DIAGNOSTIC DE L’INFECTION CHEZ LE NOUVEAU-NE
ET L’ENFANT
Le diagnostic de l’infection à VIH chez un enfant né de mère séropositive se fait
différemment selon l’âge auquel sont effectués les prélèvements sanguins.
Diagnostic de l’infection à VIH-1 chez le nouveau-né
Le diagnostic utilise les techniques de détection du virus lui-même, puisque la
présence d’anticorps maternels empêche toute approche sérologique jusqu’à l’âge
de 16-18 mois. La recherche du virus peut se faire par PCR-ADN à partir des
cellules sanguines pour la recherche de génome viral intégré, ou par détection de
l’ARN-VIH plasmatique avec les techniques habituellement utilisées pour le suivi
de patients séropositifs.
La recherche de virus par culture reste intéressante en cas de virus variants non
reconnus par les techniques moléculaires. Il s’agit le plus souvent d’infections
survenant chez des femmes d’origine africaine ; pour faciliter le diagnostic chez le
nouveau-né, il est parfois nécessaire d’adresser un prélèvement maternel en cours
de grossesse au laboratoire de virologie qui réalisera le diagnostic, afin qu’il
puisse sélectionner les techniques adaptées au virus maternel avant de les
appliquer aux échantillons de l’enfant (exemple : infection par un virus VIH-1
Groupe O).
En l’absence de traitement de l’enfant, les sensibilités des deux techniques de
PCR-ADN et ARN-VIH plasmatiques sont équivalentes.
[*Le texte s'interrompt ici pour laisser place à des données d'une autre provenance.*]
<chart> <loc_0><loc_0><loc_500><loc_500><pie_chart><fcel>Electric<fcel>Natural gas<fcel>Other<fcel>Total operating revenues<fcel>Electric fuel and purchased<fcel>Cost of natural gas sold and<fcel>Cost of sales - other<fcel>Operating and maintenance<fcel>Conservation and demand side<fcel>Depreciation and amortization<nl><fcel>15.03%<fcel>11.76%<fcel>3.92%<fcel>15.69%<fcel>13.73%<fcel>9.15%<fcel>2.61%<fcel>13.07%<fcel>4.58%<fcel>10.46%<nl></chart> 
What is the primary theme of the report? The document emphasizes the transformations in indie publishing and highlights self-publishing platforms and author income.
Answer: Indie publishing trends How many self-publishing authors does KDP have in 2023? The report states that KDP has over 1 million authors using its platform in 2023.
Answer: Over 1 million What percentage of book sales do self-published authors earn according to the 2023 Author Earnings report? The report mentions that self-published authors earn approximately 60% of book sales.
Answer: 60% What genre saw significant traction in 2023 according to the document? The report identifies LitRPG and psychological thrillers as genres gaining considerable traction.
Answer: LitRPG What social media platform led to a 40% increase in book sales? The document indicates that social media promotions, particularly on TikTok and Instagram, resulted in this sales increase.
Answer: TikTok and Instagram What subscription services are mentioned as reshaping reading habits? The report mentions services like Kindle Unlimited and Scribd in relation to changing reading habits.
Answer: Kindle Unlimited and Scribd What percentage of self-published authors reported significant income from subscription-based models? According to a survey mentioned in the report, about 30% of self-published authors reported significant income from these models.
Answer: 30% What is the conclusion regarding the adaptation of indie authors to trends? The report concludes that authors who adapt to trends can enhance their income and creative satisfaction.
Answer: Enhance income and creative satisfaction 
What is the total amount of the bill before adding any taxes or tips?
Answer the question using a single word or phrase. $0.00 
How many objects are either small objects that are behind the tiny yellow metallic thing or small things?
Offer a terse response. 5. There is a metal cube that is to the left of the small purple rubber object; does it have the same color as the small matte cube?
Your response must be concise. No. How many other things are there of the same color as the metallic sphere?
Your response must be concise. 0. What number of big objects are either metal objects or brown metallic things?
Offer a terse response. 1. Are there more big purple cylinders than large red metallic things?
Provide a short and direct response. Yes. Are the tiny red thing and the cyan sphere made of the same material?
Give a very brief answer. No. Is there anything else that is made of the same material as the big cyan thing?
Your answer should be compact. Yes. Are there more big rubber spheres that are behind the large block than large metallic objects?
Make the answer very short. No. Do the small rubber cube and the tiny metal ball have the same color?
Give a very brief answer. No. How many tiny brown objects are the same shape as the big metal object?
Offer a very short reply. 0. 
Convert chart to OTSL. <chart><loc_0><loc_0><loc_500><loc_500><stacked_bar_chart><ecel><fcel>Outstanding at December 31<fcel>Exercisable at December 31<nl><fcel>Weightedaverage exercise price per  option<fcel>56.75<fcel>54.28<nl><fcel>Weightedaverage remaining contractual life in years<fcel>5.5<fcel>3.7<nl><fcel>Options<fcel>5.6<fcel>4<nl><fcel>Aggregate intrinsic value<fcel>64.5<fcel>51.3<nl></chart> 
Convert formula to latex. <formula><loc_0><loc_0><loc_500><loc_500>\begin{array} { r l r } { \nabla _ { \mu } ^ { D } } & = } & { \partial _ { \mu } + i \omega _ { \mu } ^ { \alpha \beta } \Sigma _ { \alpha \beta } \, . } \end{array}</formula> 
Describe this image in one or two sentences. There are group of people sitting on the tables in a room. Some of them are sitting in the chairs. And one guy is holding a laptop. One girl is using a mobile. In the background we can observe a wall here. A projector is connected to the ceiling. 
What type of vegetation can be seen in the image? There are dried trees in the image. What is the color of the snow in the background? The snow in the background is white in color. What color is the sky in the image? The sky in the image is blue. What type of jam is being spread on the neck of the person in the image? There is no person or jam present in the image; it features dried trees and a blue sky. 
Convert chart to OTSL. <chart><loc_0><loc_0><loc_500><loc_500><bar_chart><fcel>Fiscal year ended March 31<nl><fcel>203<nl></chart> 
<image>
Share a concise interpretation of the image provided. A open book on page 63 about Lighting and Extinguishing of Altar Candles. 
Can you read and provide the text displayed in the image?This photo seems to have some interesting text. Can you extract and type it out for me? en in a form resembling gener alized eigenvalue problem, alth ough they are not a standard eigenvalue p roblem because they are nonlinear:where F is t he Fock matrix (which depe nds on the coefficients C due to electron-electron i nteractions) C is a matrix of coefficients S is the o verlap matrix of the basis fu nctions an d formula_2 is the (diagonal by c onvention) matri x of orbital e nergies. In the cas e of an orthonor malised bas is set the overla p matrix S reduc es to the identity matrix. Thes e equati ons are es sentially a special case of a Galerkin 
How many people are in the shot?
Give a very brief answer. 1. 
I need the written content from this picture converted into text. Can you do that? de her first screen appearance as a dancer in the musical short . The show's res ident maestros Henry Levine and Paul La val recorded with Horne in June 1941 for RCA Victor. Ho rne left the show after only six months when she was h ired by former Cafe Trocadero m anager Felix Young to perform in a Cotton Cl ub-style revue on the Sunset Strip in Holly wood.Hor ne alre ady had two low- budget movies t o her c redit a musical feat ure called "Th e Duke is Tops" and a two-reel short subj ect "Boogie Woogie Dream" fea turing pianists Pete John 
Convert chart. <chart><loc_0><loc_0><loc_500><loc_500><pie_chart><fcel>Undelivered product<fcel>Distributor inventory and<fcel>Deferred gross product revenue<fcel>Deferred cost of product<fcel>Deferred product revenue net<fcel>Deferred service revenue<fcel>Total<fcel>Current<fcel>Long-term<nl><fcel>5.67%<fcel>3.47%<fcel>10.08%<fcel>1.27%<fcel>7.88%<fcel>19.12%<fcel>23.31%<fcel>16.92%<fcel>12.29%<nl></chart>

Pour affirmer le diagnostic
d’infection, il est nécessaire d’avoir deux prélèvements positifs quels que soient la
technique utilisée et le moment du prélèvement. Inversement, pour éliminer une
infection, il faut deux prélèvements négatifs après l’âge d’un mois.
En cas de traitement préventif de la transmission virale, le diagnostic est peu
fiable tant que l’enfant est sous traitement antirétroviral. Il faut donc deux
prélèvements négatifs hors période de traitement pour affirmer qu’un enfant n’est
pas infecté. Les prélèvements précoces, à la naissance et durant les premières
semaines de vie, peuvent être informatifs en cas de résultats positifs ; ils
permettent notamment d’affirmer une infection in utero en cas de positivité dès la
naissance.
En pratique, la recherche du virus est effectuée à la naissance, à 1, 3 et 6 mois.
Un résultat positif est bien sûr immédiatement contrôlé sans attendre l’échéance
suivante.
En cas d’allaitement maternel, il est nécessaire de rechercher l’infection dans
les trois mois qui suivent l’arrêt définitif de l’allaitement. Cette situation peut se
rencontrer chez des nourrissons d’origine africaine.